**INPUT MATERIAL:**
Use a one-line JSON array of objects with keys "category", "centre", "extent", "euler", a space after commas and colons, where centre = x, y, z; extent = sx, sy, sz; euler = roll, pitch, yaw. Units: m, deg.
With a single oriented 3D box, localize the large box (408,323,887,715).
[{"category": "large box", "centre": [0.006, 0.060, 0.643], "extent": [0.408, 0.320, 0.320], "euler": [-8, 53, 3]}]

* * *

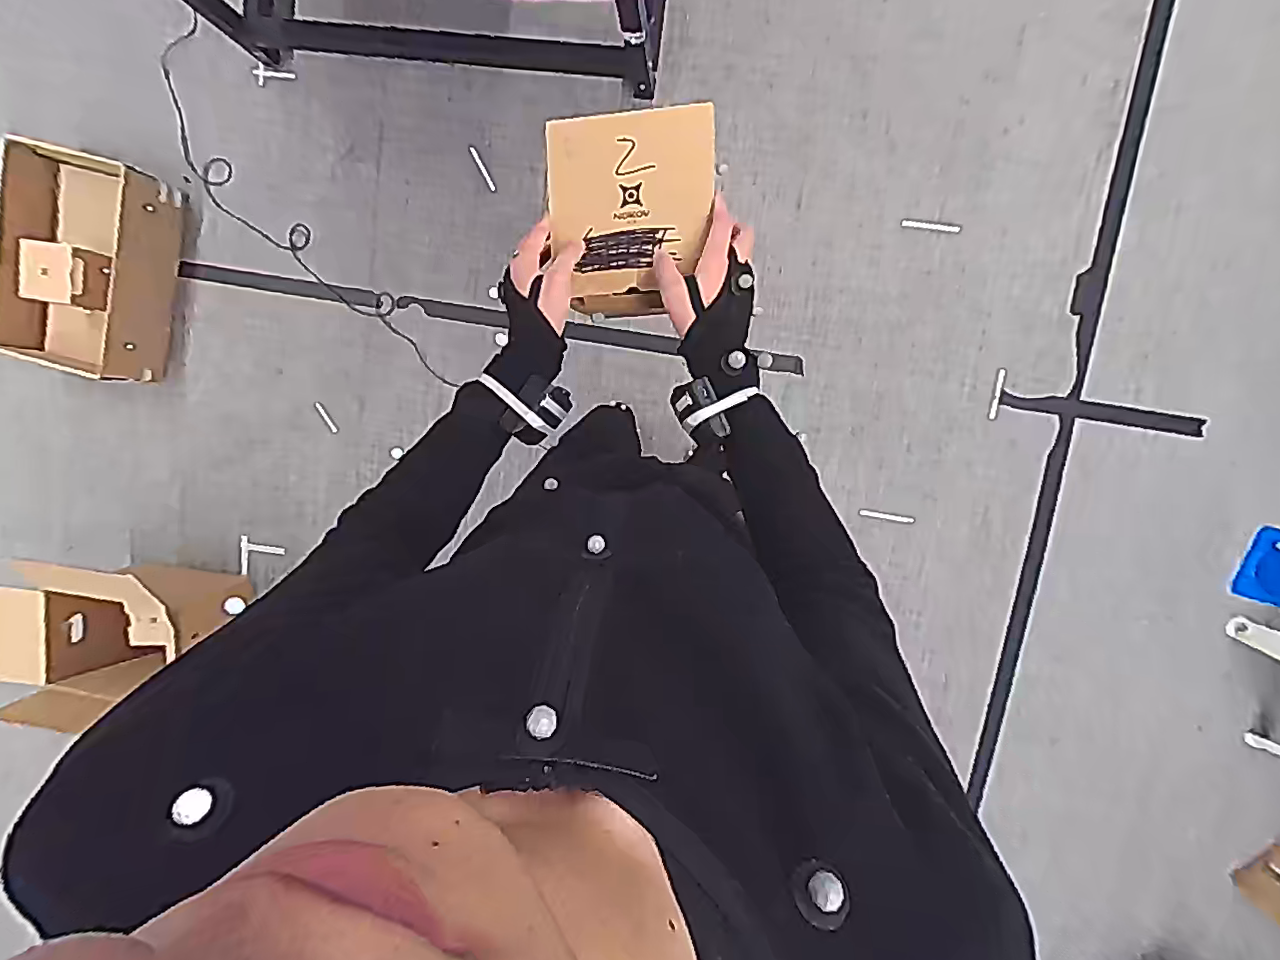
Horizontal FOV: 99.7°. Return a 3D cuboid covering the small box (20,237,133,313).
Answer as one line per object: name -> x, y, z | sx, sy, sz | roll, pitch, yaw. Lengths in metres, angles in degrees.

**PROBLEM REQUIREMENTS:** Copy out each line of the records above that includes "pitch".

**ANSWER FOR THIS EXERCISE:**
Use a one-line JSON array of objects with keys "category", "centre", "extent", "euler", a space after commas and colons, where centre = x, y, z; extent = sx, sy, sz; euler = roll, pitch, yaw. Units: m, deg.
Answer as one line per object: name -> x, y, z | sx, sy, sz | roll, pitch, yaw. Lengths in metres, angles in degrees.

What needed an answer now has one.